A previous application to adjourn the trial, which was due to be heard at the PTR, was withdrawn, I am told, by R3 (the only party attending, but representing himself and R1 and R2 at that time) at the PTR. R3 told the Court that funding for the trial on the part of R1 and R2 had been secured. It is now claimed that that is no longer the case. R1 and R2, it is said in section 10 of the Application Notice, are in financial difficulties. They “have been unable to retain counsel for the trial”. An adjournment “would allow funding to be obtained and counsel instructed”. This assertion, made on instructions, is unsupported by any evidence. No further details are given as to the current means of R1 and R2, or why they have been unable to retain counsel for trial, or whether and if so why it is only now that this has become apparent. No details are given of how it has come about that Mr Loxton, instructed some three weeks ago, presumably with R1 and R2 then able to afford his services, had to return the brief three days ago. I have no evidence against which to test the assertion that R1 and R2 have no means, and no evidence to assess the extent to which they are innocent or implicated in relation to their change in financial circumstances (if change there has been – again, I have not been told).
Further, R3 is represented. Whilst the issues facing R1 and R2 on the one hand, and R3 on the other, are not wholly co-extensive, there is a considerable degree of overlap, and Mr Channer on behalf of R3 is able to address me on the applicable law. R1 and R2 had legal representation until three days or so before the trial. It can be assumed that they will have received legal advice during that time. Again, they have failed to address that question. It is wrong in principle for parties seeking relief to be able to gain relief as a result of as a result of the Court’s inability to test their claims because of their own failure to adduce evidence to support their application. Even a fully evidenced application to adjourn would face an uphill struggle to succeed so close to the date listed for hearing. This Application, supported by virtually no relevant evidence, cannot do better because of the wholesale default of the Applicants to provide relevant evidence. Whilst it may be the case that prejudice will be caused to the First and Second Respondents by reason of not being represented at trial, I have no evidence as to how, nor when, that position is anticipated to change. So there is no way I can understand or assess to what extent if any, or when, the prejudice will be obviated by the adjournment sought.

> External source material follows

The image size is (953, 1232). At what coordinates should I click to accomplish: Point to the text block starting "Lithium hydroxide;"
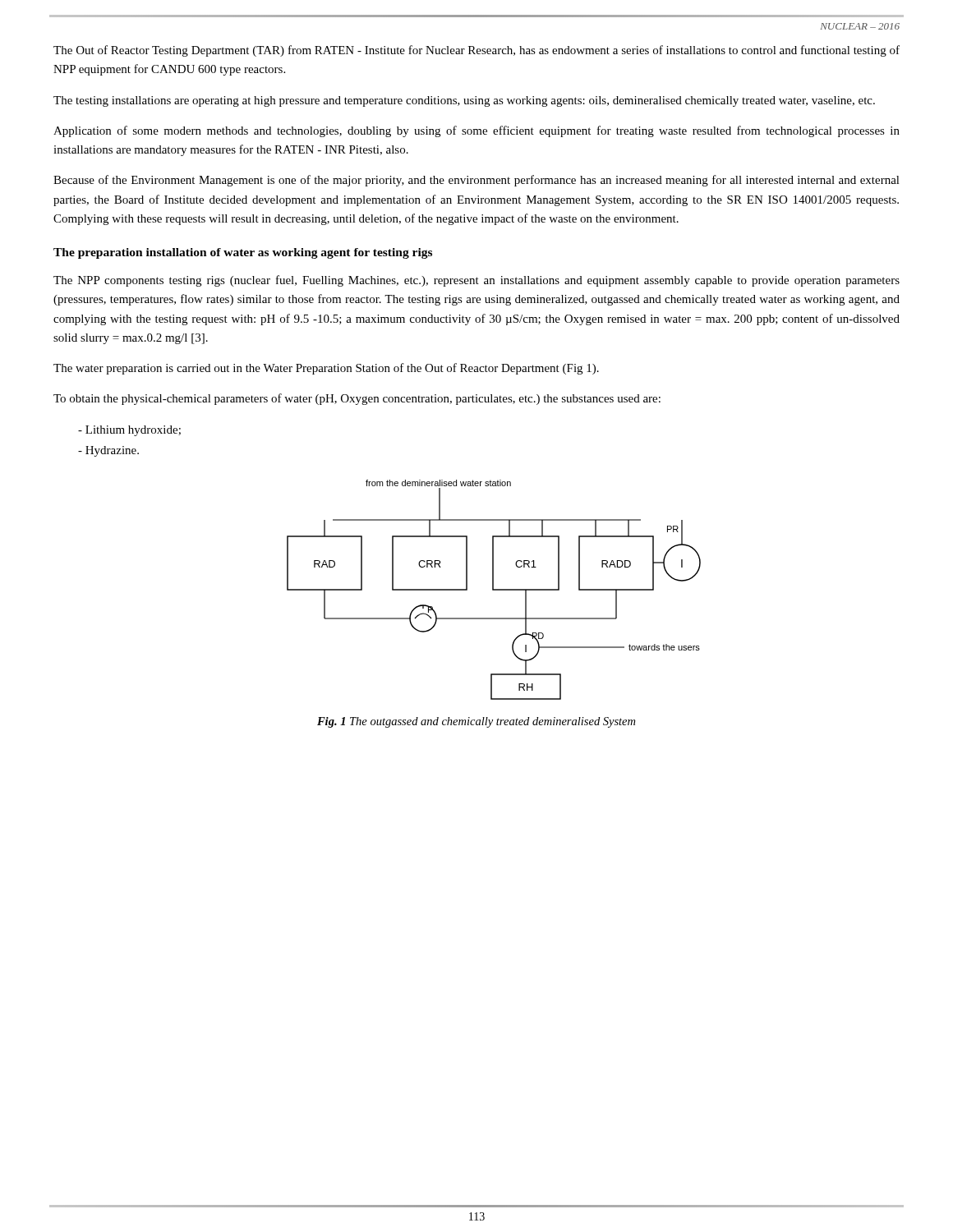pyautogui.click(x=130, y=429)

For these reasons I refused the Application when it was made, indicating that written reasons would be produced subsequently. I will in any event make an order that the Applicant gives specific disclosure of all documents relevant to the issue of the financial health of TCGL. The question of the costs of the Application, if not agreed, will be reserved to the consequentials hearing following the handing down of judgment in the main trial.